Cat vitamins are recommended for cats with vitamin deficiencies, but can be equally beneficial for healthy cats. Cat food often lacks the necessary vitamins and minerals; even if the label displays the healthiest ingredients, these are processed and during this process, essential vitamins and minerals are lost.
The water-soluble vitamins are easily assimilated or eliminated through urine without harming the cat (however, too many particular vitamins may have become an issue with certain medical conditions or treatments). The B vitamins are water-soluble and your cat needs niacin, riboflavin or thiamine (vitamin B1). The B vitamins help to maintain a strong immune system.
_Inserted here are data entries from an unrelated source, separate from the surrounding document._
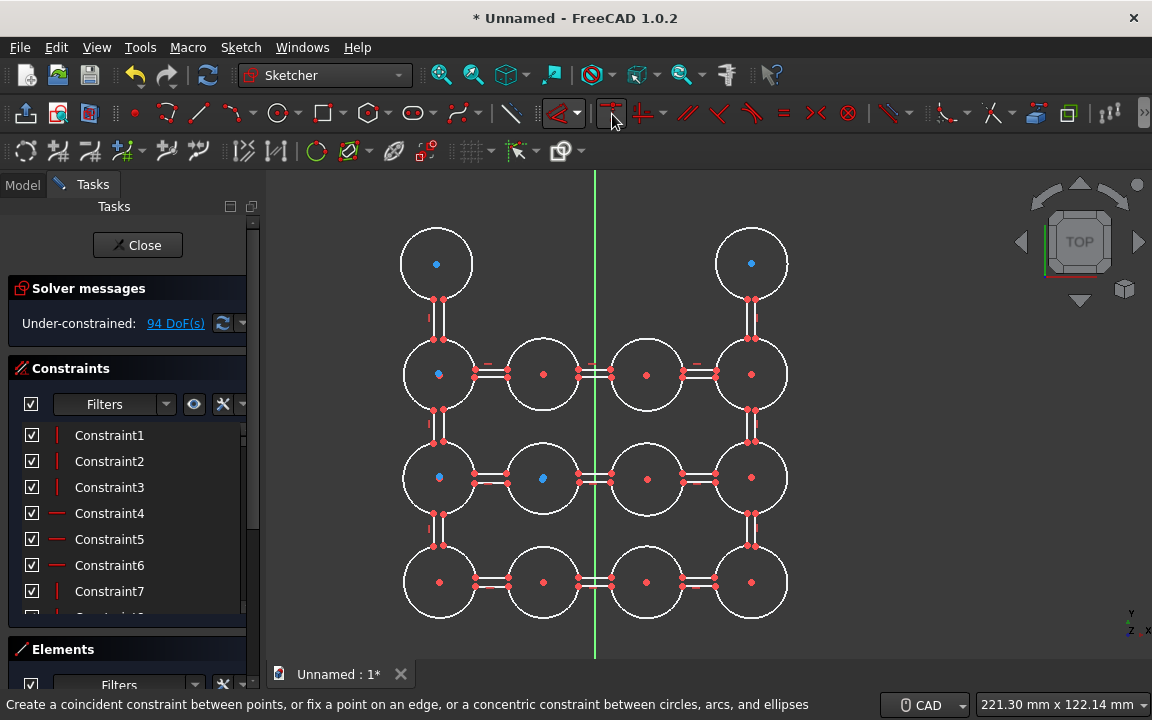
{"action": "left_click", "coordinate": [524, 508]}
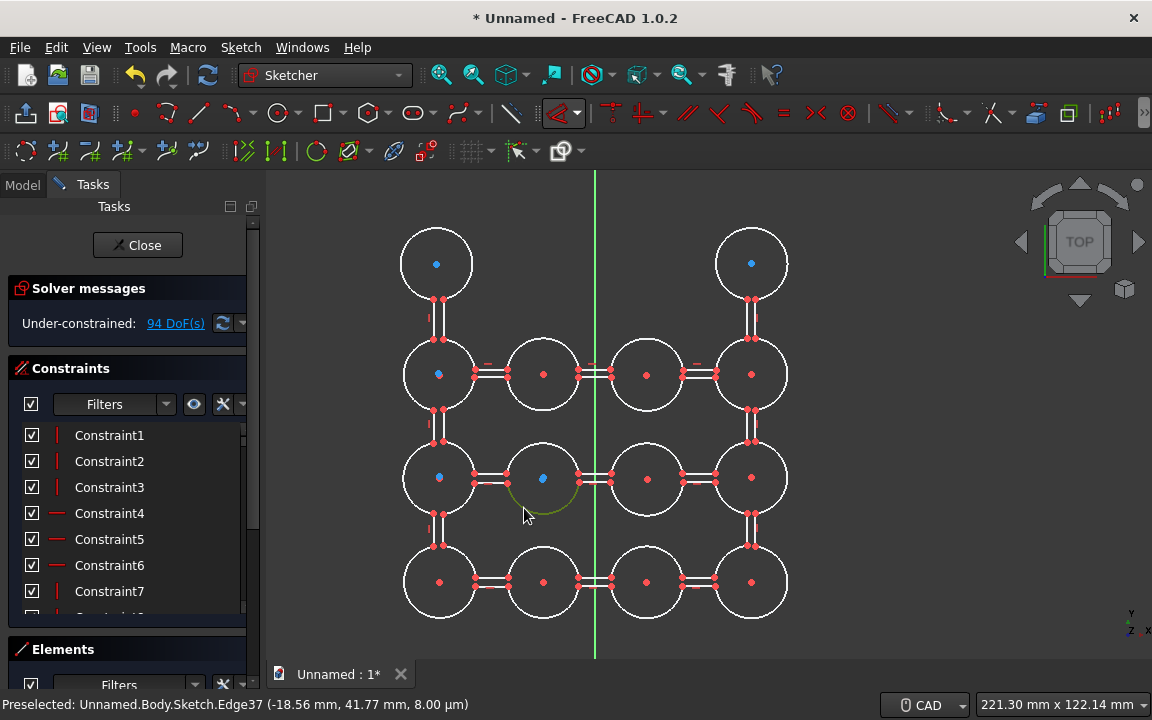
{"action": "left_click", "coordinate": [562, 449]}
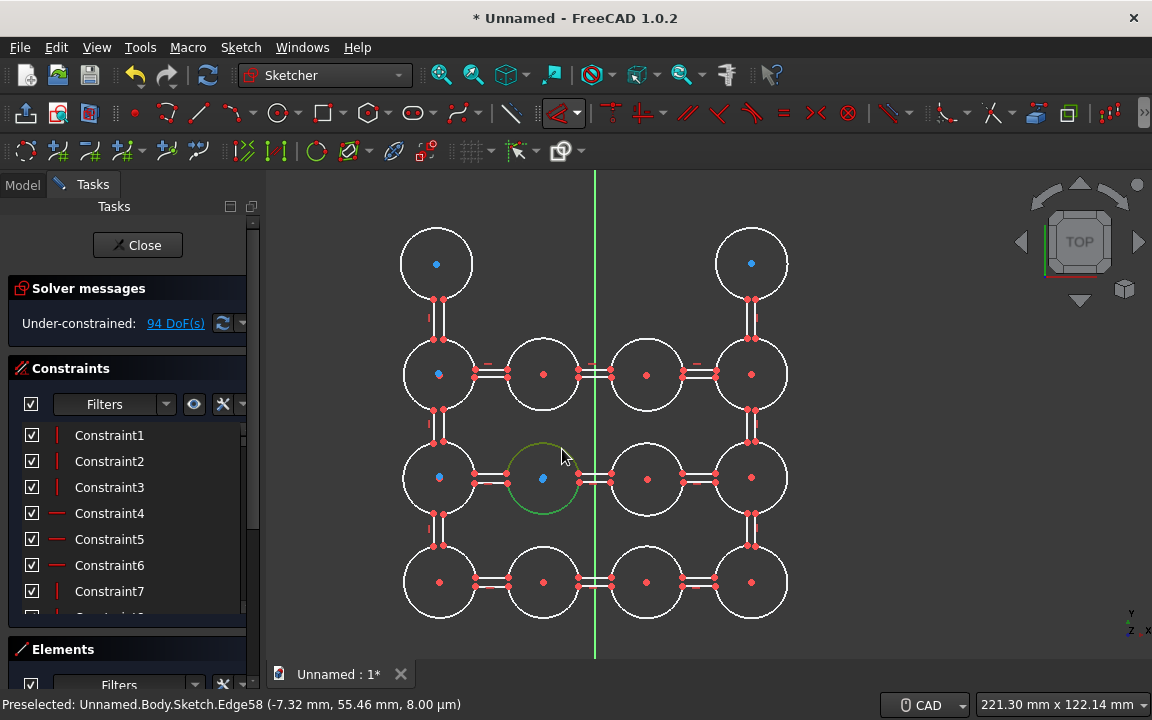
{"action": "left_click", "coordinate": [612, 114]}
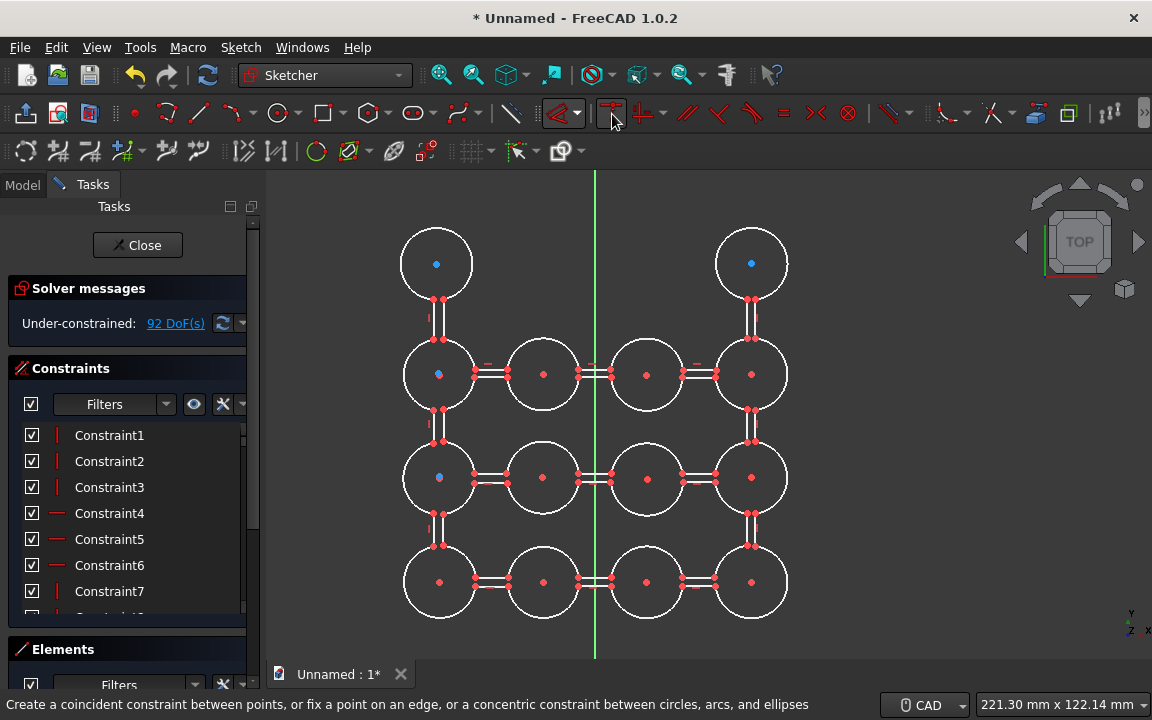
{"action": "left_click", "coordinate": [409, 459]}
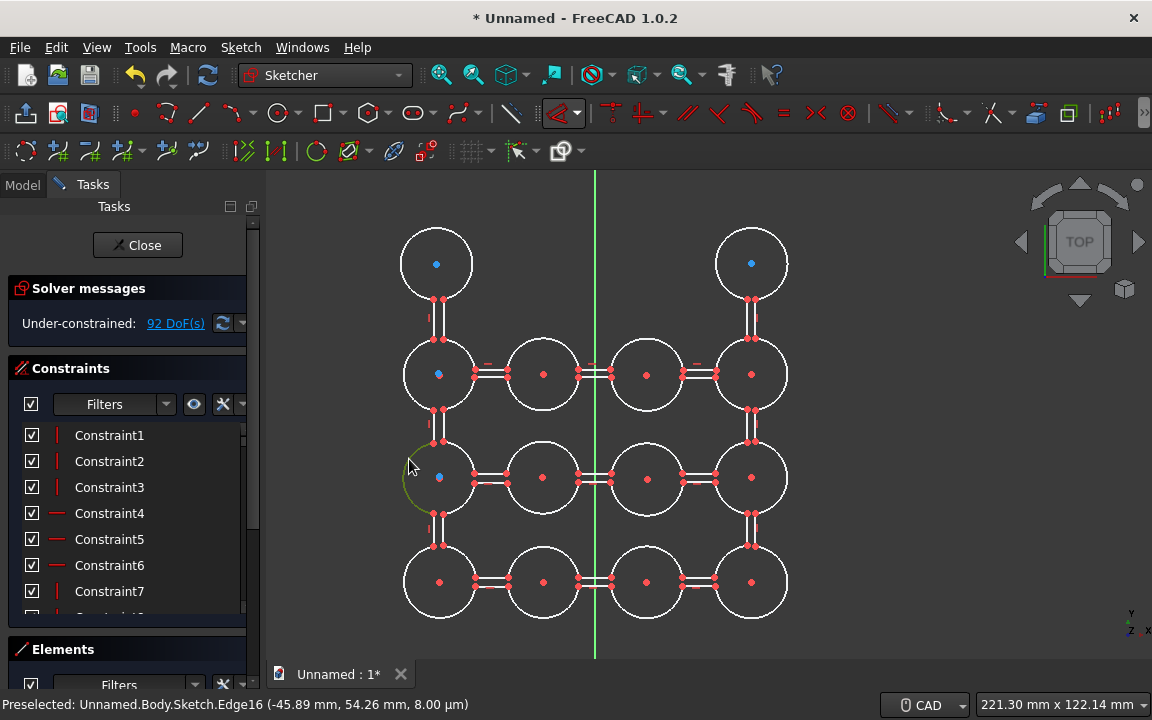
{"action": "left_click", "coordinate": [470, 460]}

A deficiency in B vitamins may lead to vulnerability to illnesses, slow wound healing, general weakness or slow reflex function.
Vitamin C helps in the synthesis of collagen, which is an essential tissue in a cat's body. Other recommended water-soluble vitamins are folic acid, biotin or choline.
2. Fat-Soluble Vitamins
Vitamins A, D, E and K are fat-soluble vitamins. These vitamins are deposited in the fat tissues of the cat. If taken in excess, the fat-soluble vitamins may poison your pet. Always talk to your vet before giving your pet fat-soluble vitamins. However, vitamin A is always recommended as a supplement, because the cat's body cannot process the beta-carotene into vitamin A. A lack of vitamin A can cause skin and coat problems or night blindness.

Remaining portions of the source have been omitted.